Yeah, beware the wrath of Frau Holle!

> I seem to recall as a young child singing a song about dancing around the
> Hollerbush.  Does this seem at all familiar?

I know it in German, which may be the only version, and it's sung to the
tune of "Ring around the rosies" and "performed" in a circle:

   Ringel-rangel Rosen,
   Schöne Aprikosen,
   Veilchen und Vergissmeinicht.
   Alle kleinen Kinder setzen sich,
   setzen sich in'n Holderbusch,
   machen alle husch, husch, husch.

   (Ring around the rosies,
   lovely apricosies,
   violets, forget-me-nots.
   All little children sit down,
   sit down in [= under] the elder bush,
   and they all go whoosh, whoosh, whoosh.)

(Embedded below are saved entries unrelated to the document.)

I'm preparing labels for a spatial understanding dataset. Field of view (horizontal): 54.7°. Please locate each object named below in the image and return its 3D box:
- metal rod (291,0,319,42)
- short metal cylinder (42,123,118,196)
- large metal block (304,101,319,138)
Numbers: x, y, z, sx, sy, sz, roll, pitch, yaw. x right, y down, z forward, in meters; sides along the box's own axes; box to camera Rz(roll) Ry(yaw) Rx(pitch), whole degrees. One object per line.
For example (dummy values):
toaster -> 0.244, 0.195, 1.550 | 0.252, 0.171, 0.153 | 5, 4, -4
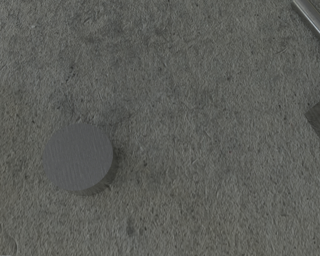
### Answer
metal rod -> 0.283, -0.073, 0.436 | 0.025, 0.025, 0.299 | -26, 72, -9
short metal cylinder -> -0.094, 0.040, 0.379 | 0.081, 0.050, 0.080 | 0, 70, 0
large metal block -> 0.253, -0.008, 0.399 | 0.080, 0.050, 0.080 | -23, 72, -8
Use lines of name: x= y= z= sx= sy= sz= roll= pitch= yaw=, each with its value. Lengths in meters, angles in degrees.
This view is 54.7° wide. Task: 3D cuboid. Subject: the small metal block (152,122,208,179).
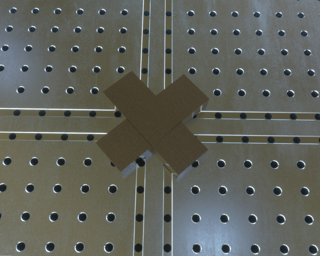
small metal block: x=0.025 y=0.029 z=0.401 sx=0.050 sy=0.025 sz=0.050 roll=-39 pitch=75 yaw=-13

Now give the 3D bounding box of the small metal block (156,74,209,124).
small metal block: x=0.030 y=-0.037 z=0.425 sx=0.050 sy=0.025 sz=0.050 roll=-39 pitch=75 yaw=-13

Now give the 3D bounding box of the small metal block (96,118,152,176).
small metal block: x=-0.046 y=0.025 z=0.402 sx=0.050 sy=0.025 sz=0.050 roll=-39 pitch=75 yaw=-13

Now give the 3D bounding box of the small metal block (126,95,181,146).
small metal block: x=-0.008 y=-0.007 z=0.413 sx=0.050 sy=0.025 sz=0.050 roll=-39 pitch=75 yaw=-13

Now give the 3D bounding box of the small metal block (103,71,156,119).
small metal block: x=-0.041 y=-0.042 z=0.426 sx=0.050 sy=0.025 sz=0.050 roll=-39 pitch=75 yaw=-13
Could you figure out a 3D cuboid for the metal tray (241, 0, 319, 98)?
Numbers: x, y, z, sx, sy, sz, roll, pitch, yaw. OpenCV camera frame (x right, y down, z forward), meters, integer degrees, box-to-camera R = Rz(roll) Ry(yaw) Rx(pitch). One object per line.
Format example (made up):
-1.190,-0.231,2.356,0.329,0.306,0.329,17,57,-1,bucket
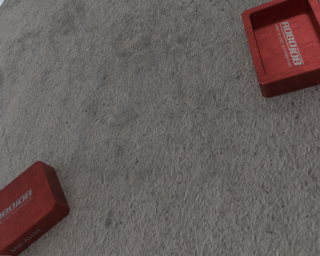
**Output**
0.158,-0.107,0.382,0.090,0.030,0.130,-15,56,19,metal tray

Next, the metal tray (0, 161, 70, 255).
-0.196,0.119,0.431,0.130,0.030,0.090,-39,51,1,metal tray
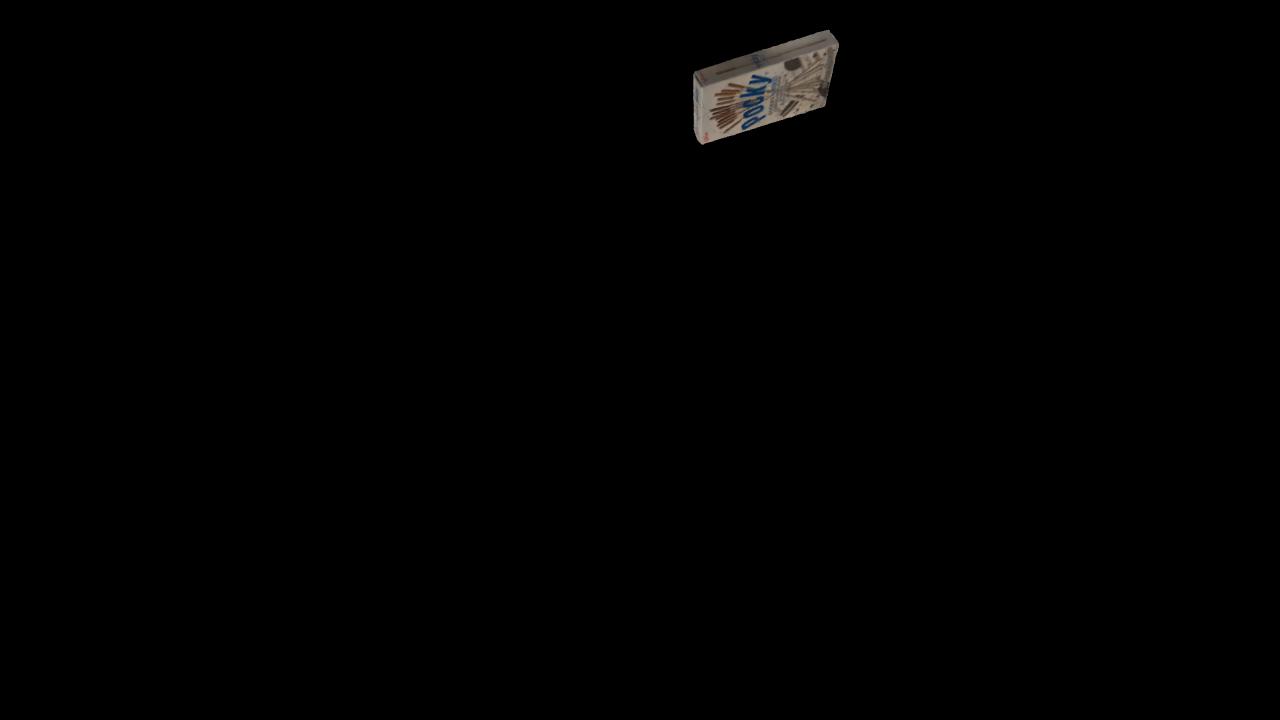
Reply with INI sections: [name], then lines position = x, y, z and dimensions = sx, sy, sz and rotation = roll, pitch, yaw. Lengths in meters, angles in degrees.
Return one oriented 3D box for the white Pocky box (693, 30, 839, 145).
[white Pocky box]
position = 0.134, -0.294, 0.669
dimensions = 0.154, 0.028, 0.084
rotation = -19, -25, -3
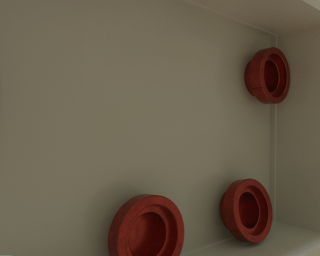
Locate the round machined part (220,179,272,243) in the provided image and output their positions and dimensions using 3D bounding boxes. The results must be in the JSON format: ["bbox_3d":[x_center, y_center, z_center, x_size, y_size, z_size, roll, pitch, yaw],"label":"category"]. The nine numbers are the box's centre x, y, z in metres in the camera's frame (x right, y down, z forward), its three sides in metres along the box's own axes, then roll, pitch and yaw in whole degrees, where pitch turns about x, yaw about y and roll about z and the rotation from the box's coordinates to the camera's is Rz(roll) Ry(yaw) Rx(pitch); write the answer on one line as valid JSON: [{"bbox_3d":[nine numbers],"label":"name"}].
[{"bbox_3d":[0.135,0.133,0.500,0.099,0.042,0.098,12,70,-36],"label":"round machined part"}]

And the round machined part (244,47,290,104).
[{"bbox_3d":[0.188,-0.091,0.552,0.099,0.042,0.097,0,90,-40],"label":"round machined part"}]

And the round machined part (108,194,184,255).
[{"bbox_3d":[-0.020,0.129,0.375,0.099,0.042,0.097,5,82,-39],"label":"round machined part"}]
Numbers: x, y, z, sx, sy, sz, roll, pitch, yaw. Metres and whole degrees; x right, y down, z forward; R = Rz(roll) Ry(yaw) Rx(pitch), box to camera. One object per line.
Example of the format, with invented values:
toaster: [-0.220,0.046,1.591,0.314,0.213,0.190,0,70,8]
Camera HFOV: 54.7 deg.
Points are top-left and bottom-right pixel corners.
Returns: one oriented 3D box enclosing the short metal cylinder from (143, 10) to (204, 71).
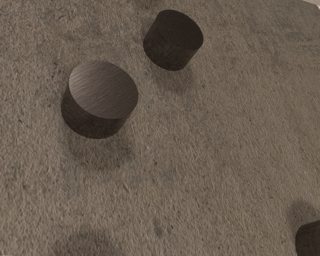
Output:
short metal cylinder: [0.020,-0.137,0.484,0.081,0.050,0.080,14,56,-21]

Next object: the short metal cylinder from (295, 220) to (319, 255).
short metal cylinder: [0.232,0.164,0.416,0.081,0.050,0.080,14,56,-21]

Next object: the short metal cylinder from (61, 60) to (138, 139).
short metal cylinder: [-0.073,-0.033,0.370,0.081,0.050,0.080,14,56,-21]
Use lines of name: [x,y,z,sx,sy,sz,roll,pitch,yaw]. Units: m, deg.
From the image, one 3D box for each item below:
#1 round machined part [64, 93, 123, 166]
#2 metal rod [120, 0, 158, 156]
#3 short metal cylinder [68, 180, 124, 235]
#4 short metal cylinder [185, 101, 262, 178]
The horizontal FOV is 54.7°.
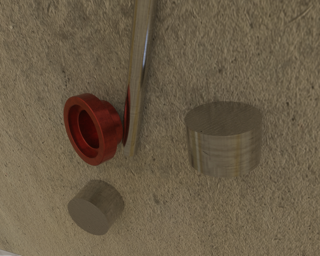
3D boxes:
round machined part: [-0.088,-0.001,0.426,0.098,0.042,0.097,23,124,40]
metal rod: [-0.023,-0.087,0.363,0.025,0.025,0.298,21,126,15]
short metal cylinder: [-0.109,0.136,0.530,0.080,0.050,0.079,13,124,20]
short metal cylinder: [0.069,0.010,0.340,0.080,0.080,0.050,6,121,24]
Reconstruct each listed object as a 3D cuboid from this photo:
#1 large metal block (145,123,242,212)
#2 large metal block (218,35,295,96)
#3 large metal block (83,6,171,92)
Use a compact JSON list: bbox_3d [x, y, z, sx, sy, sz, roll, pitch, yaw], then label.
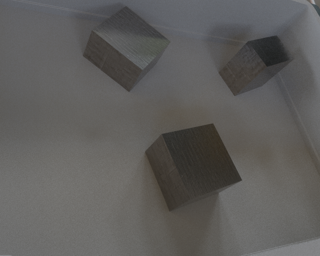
[{"bbox_3d":[0.040,0.047,0.382,0.081,0.050,0.080,-11,68,-33],"label":"large metal block"},{"bbox_3d":[0.161,-0.104,0.520,0.081,0.080,0.050,-21,73,-36],"label":"large metal block"},{"bbox_3d":[-0.045,-0.111,0.433,0.080,0.050,0.080,38,51,-3],"label":"large metal block"}]
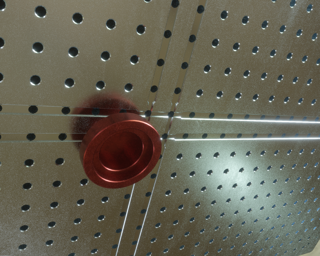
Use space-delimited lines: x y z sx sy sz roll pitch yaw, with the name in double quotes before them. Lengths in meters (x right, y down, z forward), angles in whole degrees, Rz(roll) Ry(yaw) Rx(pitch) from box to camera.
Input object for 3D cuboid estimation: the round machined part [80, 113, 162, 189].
"round machined part" -0.051 0.024 0.387 0.099 0.042 0.097 -14 124 -21
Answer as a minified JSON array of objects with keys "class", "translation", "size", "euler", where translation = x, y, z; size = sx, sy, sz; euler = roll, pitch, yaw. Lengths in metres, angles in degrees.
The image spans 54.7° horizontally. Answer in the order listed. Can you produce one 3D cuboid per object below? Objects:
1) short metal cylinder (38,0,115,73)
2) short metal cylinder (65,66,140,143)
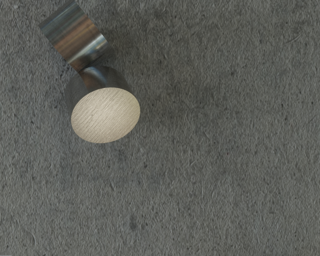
[{"class":"short metal cylinder","translation":[-0.101,-0.109,0.381],"size":[0.050,0.080,0.080],"euler":[-39,90,0]},{"class":"short metal cylinder","translation":[-0.070,-0.028,0.376],"size":[0.081,0.050,0.079],"euler":[-14,133,-15]}]
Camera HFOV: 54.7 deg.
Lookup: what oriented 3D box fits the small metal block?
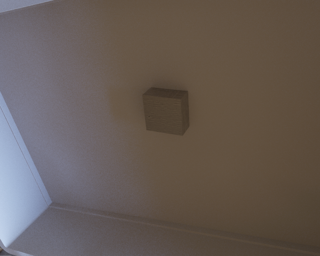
[{"bbox_3d":[0.008,-0.021,0.390,0.050,0.025,0.050,9,122,23],"label":"small metal block"}]
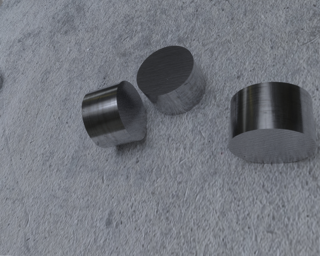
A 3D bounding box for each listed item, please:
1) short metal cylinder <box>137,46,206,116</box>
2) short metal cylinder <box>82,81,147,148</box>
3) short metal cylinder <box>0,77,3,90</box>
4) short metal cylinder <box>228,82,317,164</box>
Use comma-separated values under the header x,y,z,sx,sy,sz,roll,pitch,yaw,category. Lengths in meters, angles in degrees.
x,y,z,sx,sy,sz,roll,pitch,yaw,category
0.016,-0.064,0.419,0.080,0.050,0.080,-13,56,21,short metal cylinder
-0.058,-0.017,0.410,0.050,0.080,0.080,-14,56,20,short metal cylinder
-0.378,-0.090,0.643,0.080,0.050,0.080,-13,56,21,short metal cylinder
0.111,-0.002,0.312,0.080,0.080,0.050,-5,60,26,short metal cylinder
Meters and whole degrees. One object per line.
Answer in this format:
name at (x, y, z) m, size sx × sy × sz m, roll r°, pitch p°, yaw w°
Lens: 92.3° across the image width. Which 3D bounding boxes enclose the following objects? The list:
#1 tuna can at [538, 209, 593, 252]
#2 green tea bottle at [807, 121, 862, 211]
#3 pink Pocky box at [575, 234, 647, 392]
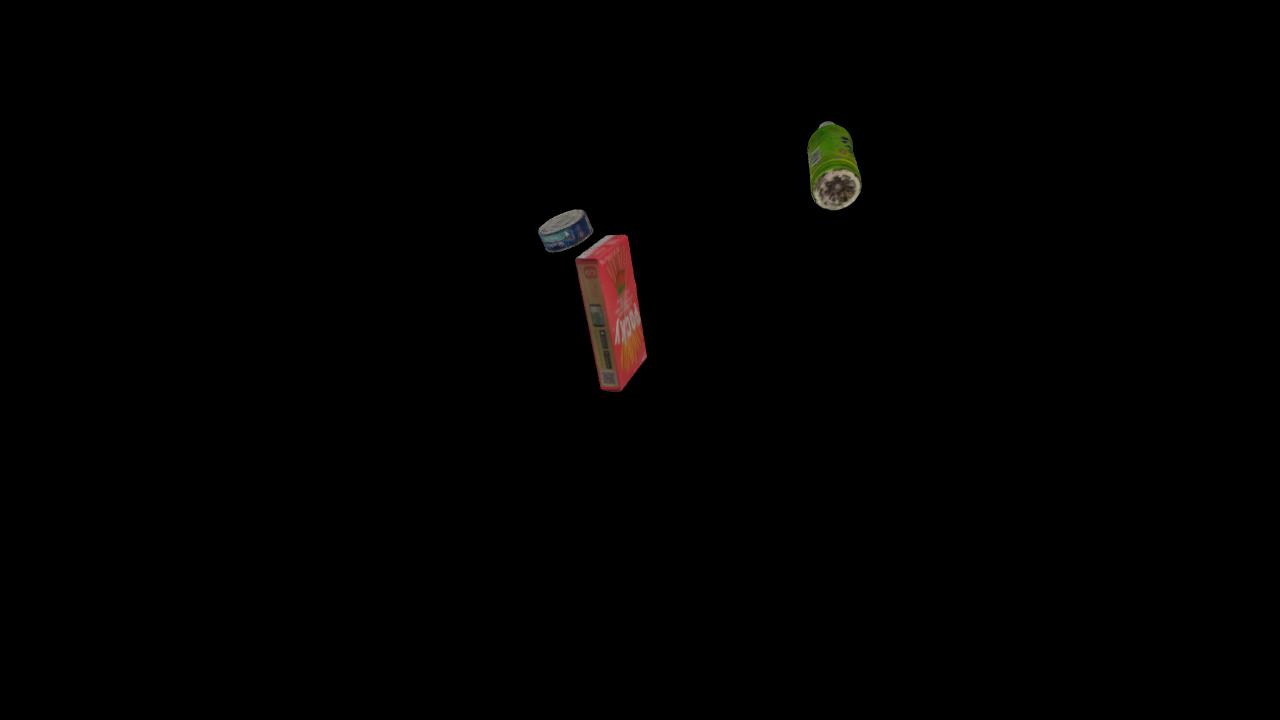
tuna can at (-0.119, -0.207, 0.982) m, size 0.084 × 0.034 × 0.084 m, roll -17°, pitch 32°, yaw 11°
green tea bottle at (0.292, -0.310, 0.941) m, size 0.073 × 0.073 × 0.212 m, roll 0°, pitch 44°, yaw 11°
pink Pocky box at (-0.028, -0.052, 0.675) m, size 0.029 × 0.155 × 0.084 m, roll 2°, pitch 28°, yaw 23°
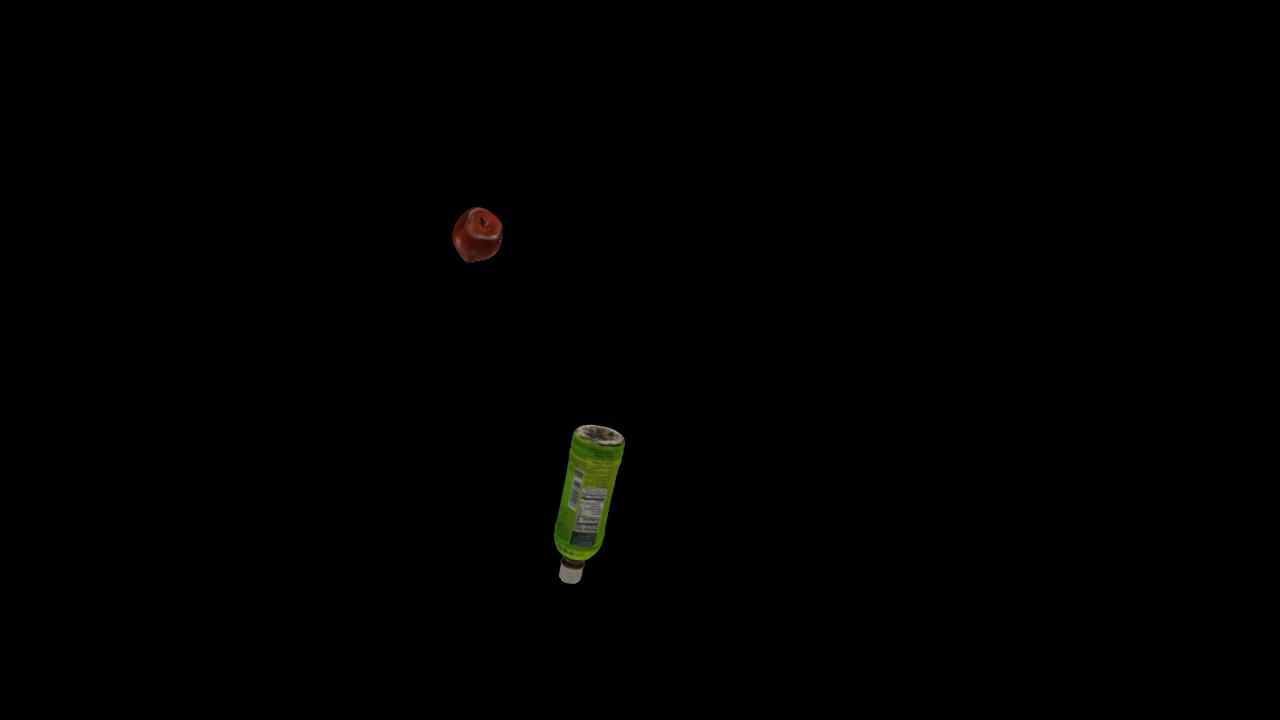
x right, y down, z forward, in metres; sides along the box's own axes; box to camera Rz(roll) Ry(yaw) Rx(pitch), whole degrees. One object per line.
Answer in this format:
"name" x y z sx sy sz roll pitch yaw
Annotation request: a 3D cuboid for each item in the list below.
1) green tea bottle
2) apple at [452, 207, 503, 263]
"green tea bottle" -0.074 0.194 0.809 0.073 0.212 0.073 14 11 -3
"apple" -0.256 -0.196 0.964 0.079 0.079 0.093 0 -22 -30

Participants first dance in a circle, then crouch and finally jump up and
hop.

(I had posted this a while back.)

We little ones would overcompensate (LS > German) by saying _Apfrikosen_,
which later deteriorated to _Afrikosen_ (along the lines of 'horse': LS
_peyrd_ = German _Pferd_ = Missingsch _Ferd_).  Some kids said _Apfelkosen_
(cf. LS _appel_ = German _Apfel_ 'apple').